* **Exercise**
Where the listing below reaches the line containing "Your answer should be compact. No.", start writing out lines exactly, and stop once the line containing "Offer a terse response. 240." has been written.

* **Records to use**
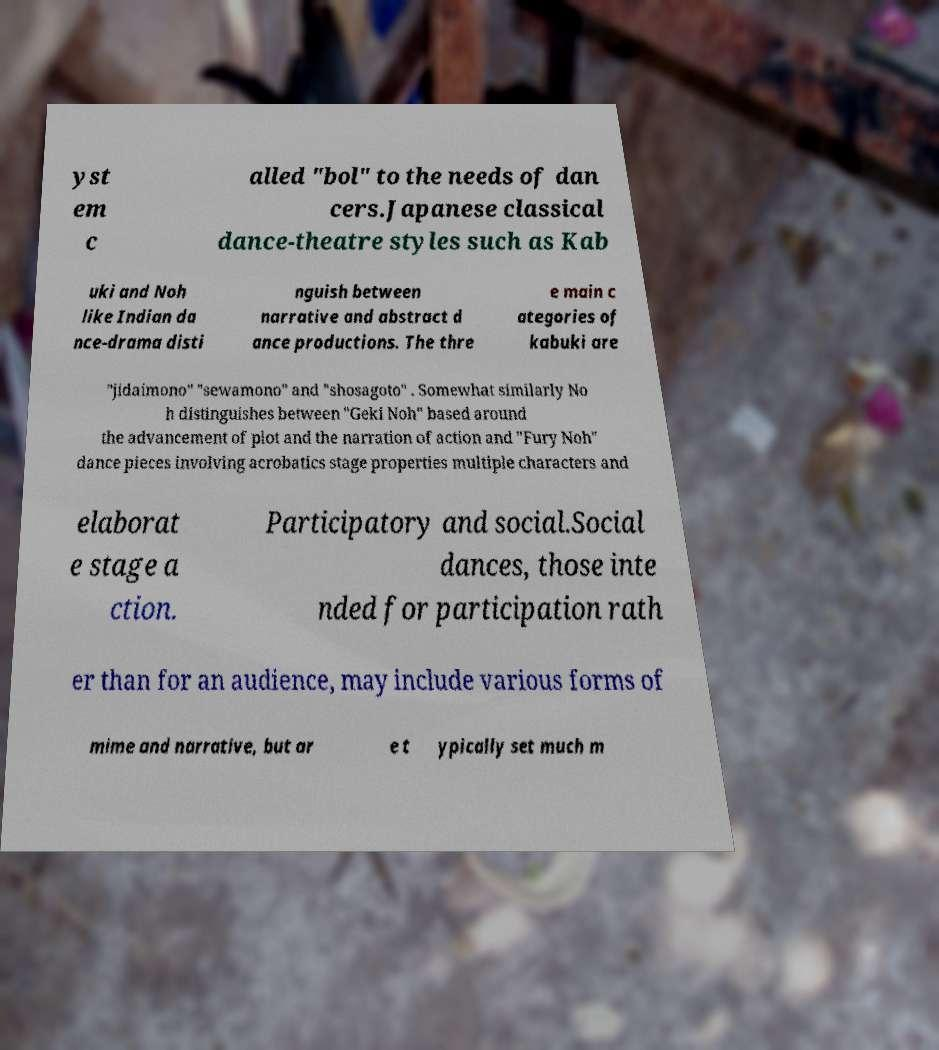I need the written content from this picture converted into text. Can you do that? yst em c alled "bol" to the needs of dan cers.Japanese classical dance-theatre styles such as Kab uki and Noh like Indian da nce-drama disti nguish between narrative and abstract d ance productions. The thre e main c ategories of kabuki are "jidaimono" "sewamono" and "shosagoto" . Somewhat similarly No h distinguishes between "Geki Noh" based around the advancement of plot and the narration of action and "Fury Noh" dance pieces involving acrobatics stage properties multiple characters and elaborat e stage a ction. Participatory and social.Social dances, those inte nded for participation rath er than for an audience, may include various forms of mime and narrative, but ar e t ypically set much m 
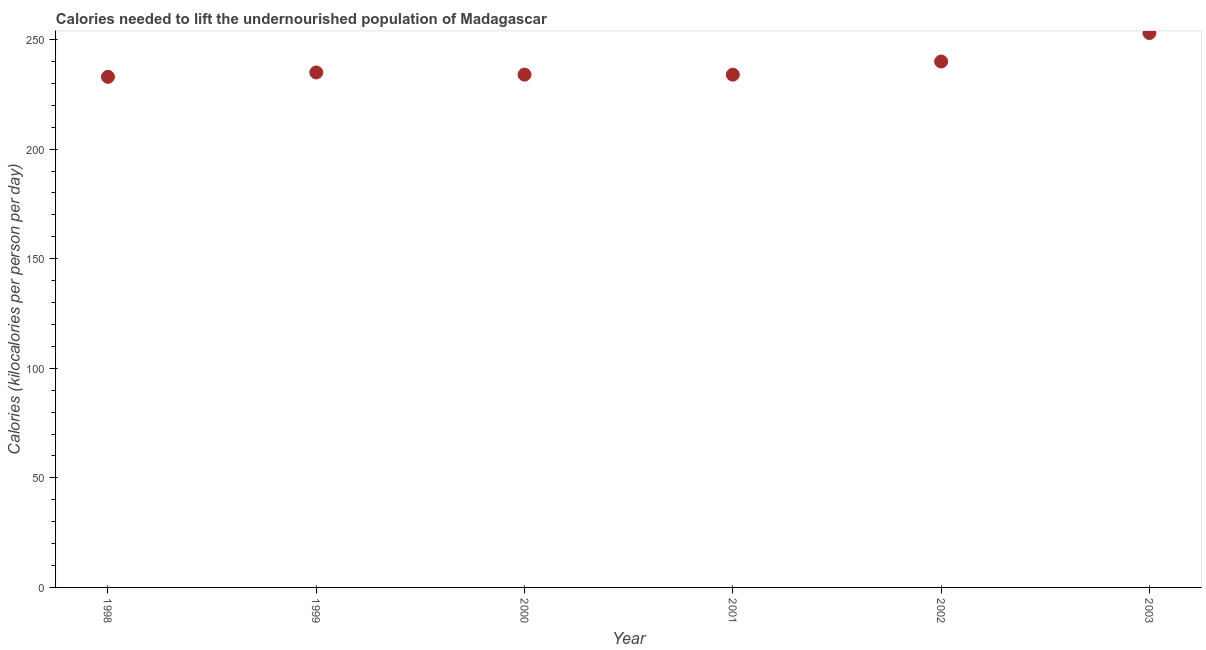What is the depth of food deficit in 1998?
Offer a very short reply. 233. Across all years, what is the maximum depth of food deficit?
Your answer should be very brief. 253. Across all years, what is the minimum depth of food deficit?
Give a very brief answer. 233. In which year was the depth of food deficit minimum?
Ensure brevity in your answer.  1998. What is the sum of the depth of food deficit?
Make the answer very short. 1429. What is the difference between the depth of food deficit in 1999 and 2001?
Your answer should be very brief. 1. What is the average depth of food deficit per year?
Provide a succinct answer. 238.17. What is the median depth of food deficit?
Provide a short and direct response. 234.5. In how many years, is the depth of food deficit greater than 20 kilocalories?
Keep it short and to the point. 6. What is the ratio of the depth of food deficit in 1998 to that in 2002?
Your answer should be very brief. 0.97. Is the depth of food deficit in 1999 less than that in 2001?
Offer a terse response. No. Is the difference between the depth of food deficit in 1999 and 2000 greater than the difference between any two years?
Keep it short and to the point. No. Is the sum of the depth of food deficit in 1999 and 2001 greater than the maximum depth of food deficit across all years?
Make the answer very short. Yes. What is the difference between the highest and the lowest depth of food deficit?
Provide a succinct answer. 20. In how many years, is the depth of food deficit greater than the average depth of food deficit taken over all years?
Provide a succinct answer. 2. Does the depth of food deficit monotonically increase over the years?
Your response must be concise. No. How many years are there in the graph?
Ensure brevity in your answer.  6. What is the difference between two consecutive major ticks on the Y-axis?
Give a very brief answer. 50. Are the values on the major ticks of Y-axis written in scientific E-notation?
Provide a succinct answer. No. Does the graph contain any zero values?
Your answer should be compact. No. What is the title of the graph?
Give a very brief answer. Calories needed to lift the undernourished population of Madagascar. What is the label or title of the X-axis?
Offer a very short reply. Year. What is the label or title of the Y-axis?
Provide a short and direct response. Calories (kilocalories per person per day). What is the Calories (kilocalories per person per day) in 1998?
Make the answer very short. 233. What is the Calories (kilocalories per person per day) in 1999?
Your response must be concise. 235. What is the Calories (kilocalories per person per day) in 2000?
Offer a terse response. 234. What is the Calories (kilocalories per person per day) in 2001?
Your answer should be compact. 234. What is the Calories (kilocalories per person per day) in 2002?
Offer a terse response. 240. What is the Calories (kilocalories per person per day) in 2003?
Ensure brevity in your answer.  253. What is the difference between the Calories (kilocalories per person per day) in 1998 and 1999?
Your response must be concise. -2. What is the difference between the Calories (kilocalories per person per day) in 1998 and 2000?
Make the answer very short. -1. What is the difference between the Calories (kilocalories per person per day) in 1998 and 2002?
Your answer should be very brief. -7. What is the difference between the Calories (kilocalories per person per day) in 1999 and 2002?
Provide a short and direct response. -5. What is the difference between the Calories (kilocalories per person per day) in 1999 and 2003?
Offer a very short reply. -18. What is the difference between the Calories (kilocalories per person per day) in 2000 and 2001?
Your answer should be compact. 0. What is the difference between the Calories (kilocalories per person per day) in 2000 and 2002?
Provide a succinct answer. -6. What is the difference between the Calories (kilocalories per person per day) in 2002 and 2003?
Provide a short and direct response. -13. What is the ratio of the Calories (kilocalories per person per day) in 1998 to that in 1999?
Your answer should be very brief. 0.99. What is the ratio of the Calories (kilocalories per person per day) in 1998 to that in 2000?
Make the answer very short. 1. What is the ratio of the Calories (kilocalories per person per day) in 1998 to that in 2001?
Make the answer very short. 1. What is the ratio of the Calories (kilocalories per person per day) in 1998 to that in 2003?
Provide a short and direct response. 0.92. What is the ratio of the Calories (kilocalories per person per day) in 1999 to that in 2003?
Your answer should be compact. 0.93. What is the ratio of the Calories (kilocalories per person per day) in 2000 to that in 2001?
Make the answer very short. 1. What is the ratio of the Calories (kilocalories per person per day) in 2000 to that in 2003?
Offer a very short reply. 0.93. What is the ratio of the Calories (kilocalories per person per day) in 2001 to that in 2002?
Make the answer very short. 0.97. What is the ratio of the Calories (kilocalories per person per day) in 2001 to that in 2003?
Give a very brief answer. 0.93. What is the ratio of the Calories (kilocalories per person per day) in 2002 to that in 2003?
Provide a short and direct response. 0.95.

* **Answer for this exercise**
Your answer should be compact. No. What is the title of the graph?
Give a very brief answer. Calories needed to lift the undernourished population of Madagascar. What is the label or title of the X-axis?
Offer a very short reply. Year. What is the label or title of the Y-axis?
Provide a short and direct response. Calories (kilocalories per person per day). What is the Calories (kilocalories per person per day) in 1998?
Make the answer very short. 233. What is the Calories (kilocalories per person per day) in 1999?
Your response must be concise. 235. What is the Calories (kilocalories per person per day) in 2000?
Offer a terse response. 234. What is the Calories (kilocalories per person per day) in 2001?
Your answer should be compact. 234. What is the Calories (kilocalories per person per day) in 2002?
Offer a terse response. 240. What is the Calories (kilocalories per person per day) in 2003?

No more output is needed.